### [WORK INSTRUCTION]
In the records below, the line with "38. books <box>674,214,685,234</box>" opens the range and the line with "45. books <box>523,259,533,277</box>" closes it; print that range exactly and nothing else.

TASK DATA: Begin

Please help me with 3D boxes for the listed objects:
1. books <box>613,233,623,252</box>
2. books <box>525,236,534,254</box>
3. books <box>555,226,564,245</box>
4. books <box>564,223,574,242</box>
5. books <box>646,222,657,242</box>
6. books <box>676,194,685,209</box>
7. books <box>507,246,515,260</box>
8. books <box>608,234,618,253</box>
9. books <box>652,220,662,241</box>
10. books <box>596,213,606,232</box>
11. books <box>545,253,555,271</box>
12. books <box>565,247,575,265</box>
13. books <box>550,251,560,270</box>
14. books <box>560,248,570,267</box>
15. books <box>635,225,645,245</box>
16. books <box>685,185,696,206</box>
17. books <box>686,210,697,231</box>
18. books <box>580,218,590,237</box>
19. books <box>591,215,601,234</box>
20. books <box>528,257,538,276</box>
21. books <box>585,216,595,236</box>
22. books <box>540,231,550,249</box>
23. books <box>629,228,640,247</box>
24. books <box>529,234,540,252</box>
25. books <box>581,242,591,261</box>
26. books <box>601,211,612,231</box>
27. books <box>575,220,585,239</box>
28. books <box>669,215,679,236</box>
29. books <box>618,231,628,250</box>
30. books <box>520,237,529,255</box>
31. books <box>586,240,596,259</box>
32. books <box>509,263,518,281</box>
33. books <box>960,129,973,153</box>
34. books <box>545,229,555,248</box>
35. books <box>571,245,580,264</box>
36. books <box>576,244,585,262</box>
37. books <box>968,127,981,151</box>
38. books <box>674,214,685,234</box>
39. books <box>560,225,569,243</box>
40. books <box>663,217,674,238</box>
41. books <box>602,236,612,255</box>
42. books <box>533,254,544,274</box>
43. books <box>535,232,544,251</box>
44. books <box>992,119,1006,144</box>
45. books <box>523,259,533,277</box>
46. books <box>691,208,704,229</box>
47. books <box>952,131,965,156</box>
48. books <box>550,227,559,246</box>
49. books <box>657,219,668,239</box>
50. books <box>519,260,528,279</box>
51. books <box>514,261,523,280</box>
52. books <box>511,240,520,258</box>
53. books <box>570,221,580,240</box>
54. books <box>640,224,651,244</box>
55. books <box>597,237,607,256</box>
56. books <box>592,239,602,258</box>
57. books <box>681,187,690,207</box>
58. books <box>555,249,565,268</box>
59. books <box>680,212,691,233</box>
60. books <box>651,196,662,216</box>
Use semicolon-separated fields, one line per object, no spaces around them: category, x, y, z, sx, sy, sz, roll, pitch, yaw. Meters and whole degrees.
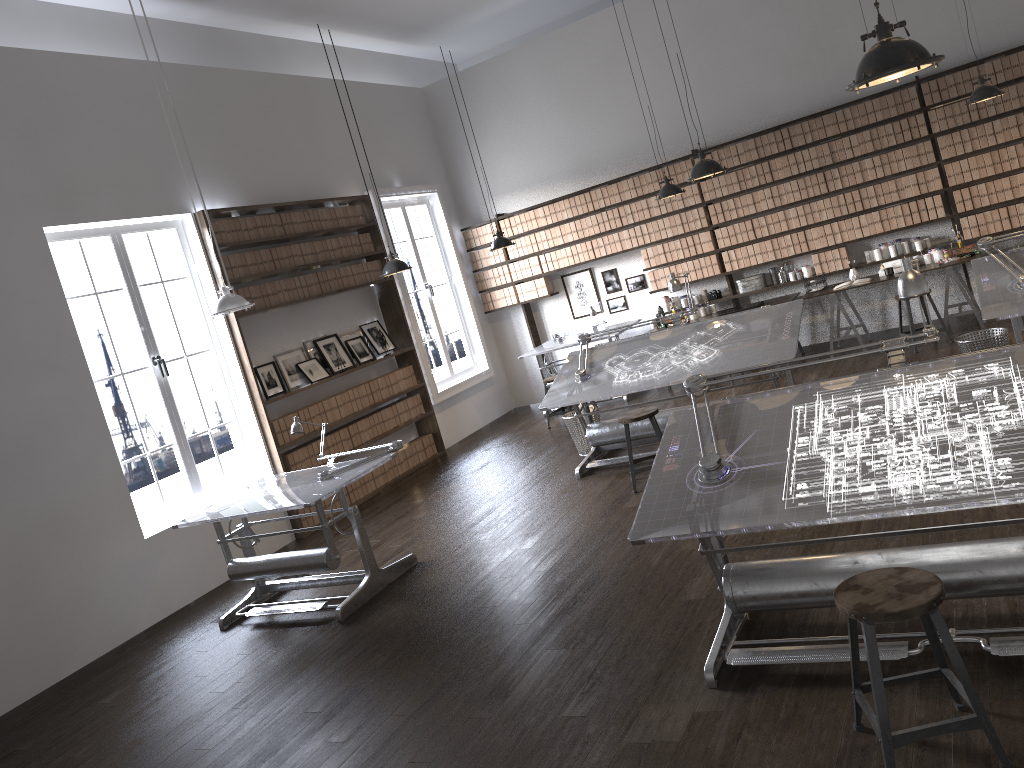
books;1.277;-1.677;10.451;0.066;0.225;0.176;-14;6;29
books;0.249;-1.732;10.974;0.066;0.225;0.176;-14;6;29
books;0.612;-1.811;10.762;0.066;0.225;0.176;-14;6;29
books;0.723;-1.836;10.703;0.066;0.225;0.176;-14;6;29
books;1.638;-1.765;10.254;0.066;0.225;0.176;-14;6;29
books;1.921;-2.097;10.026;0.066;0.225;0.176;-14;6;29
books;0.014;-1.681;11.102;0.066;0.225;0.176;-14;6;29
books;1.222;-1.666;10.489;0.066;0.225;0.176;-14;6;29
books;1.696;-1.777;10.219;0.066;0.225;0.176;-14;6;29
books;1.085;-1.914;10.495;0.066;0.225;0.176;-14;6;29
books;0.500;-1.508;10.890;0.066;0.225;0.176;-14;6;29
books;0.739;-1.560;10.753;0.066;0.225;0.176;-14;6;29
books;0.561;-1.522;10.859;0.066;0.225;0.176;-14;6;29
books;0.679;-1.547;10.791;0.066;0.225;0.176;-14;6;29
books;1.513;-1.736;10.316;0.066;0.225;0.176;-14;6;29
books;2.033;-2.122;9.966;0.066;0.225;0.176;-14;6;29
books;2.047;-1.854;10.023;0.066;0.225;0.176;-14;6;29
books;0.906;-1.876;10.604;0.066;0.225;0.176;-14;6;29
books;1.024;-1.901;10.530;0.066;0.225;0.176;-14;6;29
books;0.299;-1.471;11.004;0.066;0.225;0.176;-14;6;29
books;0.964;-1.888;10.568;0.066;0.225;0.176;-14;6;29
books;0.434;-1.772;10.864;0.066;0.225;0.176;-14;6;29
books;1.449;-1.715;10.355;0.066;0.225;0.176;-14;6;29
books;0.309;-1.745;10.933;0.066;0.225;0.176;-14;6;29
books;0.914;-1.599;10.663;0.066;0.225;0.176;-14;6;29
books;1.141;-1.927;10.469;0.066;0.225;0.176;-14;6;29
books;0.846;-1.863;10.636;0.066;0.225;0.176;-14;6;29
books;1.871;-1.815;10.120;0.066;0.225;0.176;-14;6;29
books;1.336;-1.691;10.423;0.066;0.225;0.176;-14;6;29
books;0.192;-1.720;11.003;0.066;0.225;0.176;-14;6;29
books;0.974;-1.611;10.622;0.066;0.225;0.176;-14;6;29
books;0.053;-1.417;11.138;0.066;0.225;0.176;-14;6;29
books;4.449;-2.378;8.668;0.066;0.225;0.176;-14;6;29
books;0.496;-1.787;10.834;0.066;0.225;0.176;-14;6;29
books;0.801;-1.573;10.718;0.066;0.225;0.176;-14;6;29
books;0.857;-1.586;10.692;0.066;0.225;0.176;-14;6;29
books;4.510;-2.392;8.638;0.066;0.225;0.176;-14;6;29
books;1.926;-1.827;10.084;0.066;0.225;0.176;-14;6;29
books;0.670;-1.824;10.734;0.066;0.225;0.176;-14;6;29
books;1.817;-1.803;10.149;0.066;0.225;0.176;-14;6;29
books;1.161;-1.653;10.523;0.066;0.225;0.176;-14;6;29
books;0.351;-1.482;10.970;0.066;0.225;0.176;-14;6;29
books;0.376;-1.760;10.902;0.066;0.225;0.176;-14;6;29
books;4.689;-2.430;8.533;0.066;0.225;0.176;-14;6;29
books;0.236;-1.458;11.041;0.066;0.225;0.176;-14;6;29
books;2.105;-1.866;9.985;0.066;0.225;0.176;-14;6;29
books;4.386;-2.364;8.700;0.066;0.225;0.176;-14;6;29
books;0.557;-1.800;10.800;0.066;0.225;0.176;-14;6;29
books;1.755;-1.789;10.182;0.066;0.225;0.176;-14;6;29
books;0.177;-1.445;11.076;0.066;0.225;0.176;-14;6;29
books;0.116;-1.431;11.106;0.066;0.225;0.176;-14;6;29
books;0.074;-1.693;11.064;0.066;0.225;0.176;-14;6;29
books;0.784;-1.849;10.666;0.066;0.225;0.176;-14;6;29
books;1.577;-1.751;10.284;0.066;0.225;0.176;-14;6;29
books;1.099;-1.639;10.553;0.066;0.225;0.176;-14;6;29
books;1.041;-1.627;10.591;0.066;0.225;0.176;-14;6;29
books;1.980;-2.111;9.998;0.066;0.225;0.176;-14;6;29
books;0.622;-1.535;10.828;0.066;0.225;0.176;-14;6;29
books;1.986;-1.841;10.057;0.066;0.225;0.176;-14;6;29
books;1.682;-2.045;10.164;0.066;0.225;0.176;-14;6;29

TASK DATA: End

### [TASK OUTPUT]
38. books <box>674,214,685,234</box>
39. books <box>560,225,569,243</box>
40. books <box>663,217,674,238</box>
41. books <box>602,236,612,255</box>
42. books <box>533,254,544,274</box>
43. books <box>535,232,544,251</box>
44. books <box>992,119,1006,144</box>
45. books <box>523,259,533,277</box>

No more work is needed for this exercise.